5. A method for providing a user with access to selected ones of a plurality of target object bulletin boards that are accessible via an electronic data transmission media, where said users are connected via user terminals and data communication
connections to a server system which provides access to said electronic data transmission media, said method comprising the steps of:
automatically generating target profiles for target object bulletin boards that are accessible by said electronic data transmission media, each of said target profiles being generated from the contents of an associated one of said target object
bulletin boards comprising:
generating a target profile comprising the cluster profile for a cluster of documents posted on said new target object bulletin board;
automatically generating at least one user target profile interest summary for a user at a user terminal, each said user target profile interest summary being generated from ones of said target object bulletin boards accessed by said user; and
enabling access to said plurality of target object bulletin boards accessible by said electronic data transmission media by users via said target profile.
6. A method of operating a network-based agent to seek out users of a network with common interests, where said users are connected via user terminals and data communication connections to a server system which provides access to an electronic
data transmission media, comprising the steps of:
dynamically creating bulletin boards for said users, comprising:
scanning bulletin board postings to existing bulletin boards,
identifying a group of users who have common interests,
matching users with other like inclined users in said identified group to create a proposed new bulletin board.
7. The method of operating a network-based agent of claim 6 wherein said step of scanning bulletin boards comprises:
automatically generating target profiles for bulletin boards that are accessible by said electronic data transmission media, each of said target profiles being generated from the contents of an associated one of said bulletin boards.

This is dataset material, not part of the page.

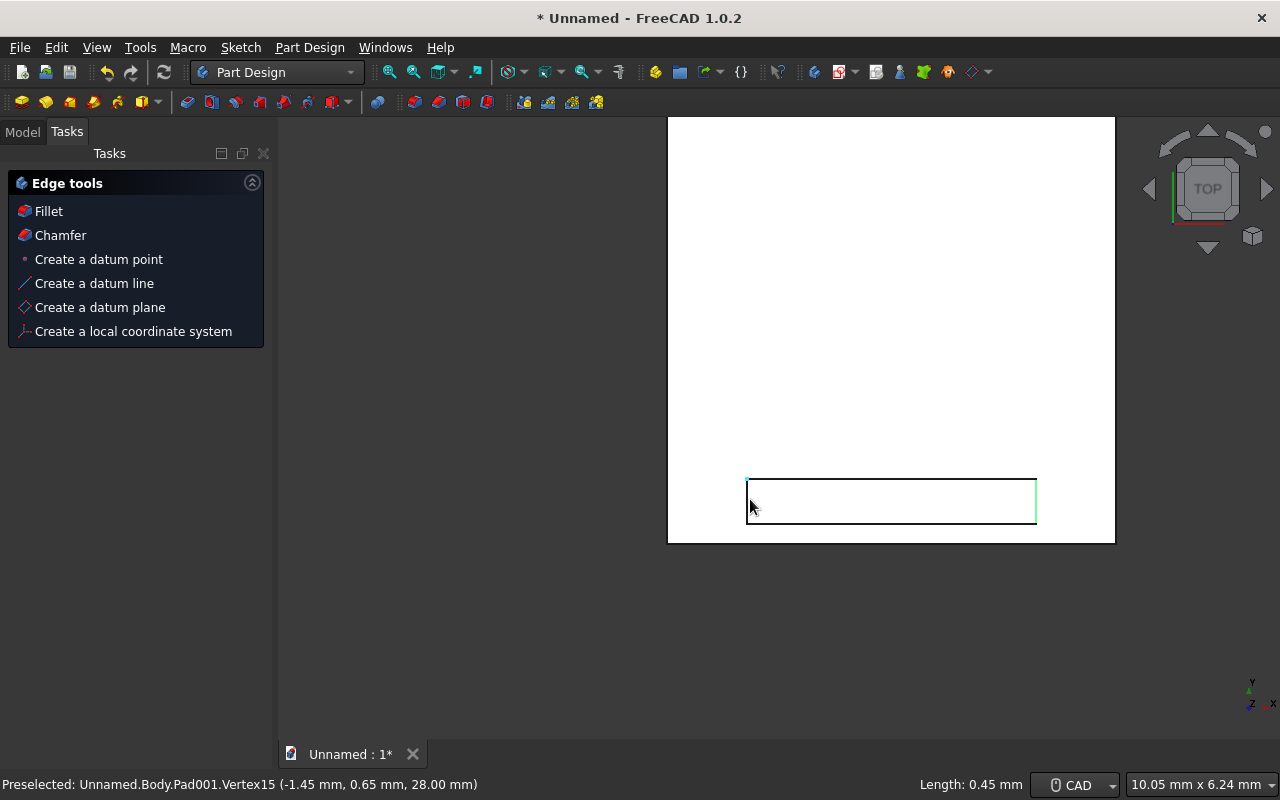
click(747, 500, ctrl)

8. The method of operating a network-based agent of claim 7, wherein said step of automatically generating target profiles comprises:
generating a target profile comprising the cluster profile for a cluster of documents posted on said bulletin boards.
9. The method of operating a network-based agent of claim 6 wherein said step of identifying a group of users comprises:
automatically generating at least one user target profile interest summary for a user at a user terminal, each said user target profile interest summary being generated from ones of said bulletin boards accessed by said user.
10. The method of operating a network-based agent of claim 6, wherein said step of automatically creating further comprises:
dynamically creating electronic mailing lists for said users matched by said step of matching.
11. The method of operating a network-based agent of claim 10, wherein said step of automatically creating further comprises:
automatically transmitting a notification to said users matched by said step of matching to identify said proposed new bulletin board to said ones of said associated users.
12. The method of operating a network-based agent of claim 6, wherein said step of automatically creating further comprises:
continuing to enroll additional users in said proposed new bulletin board.
13. The method of operating a network-based agent of claim 6, wherein said step of matching comprises:
identifying an existing bulletin board whose mean profile of the set of messages recently posted therein is within a threshold distance of the cluster profile of said proposed new bulletin board.
14. The method of operating a network-based agent of claim 13, further comprising the step of:
automatically transmitting a notification to said users matched by said step of matching to identify said existing bulletin board to said ones of said associated users.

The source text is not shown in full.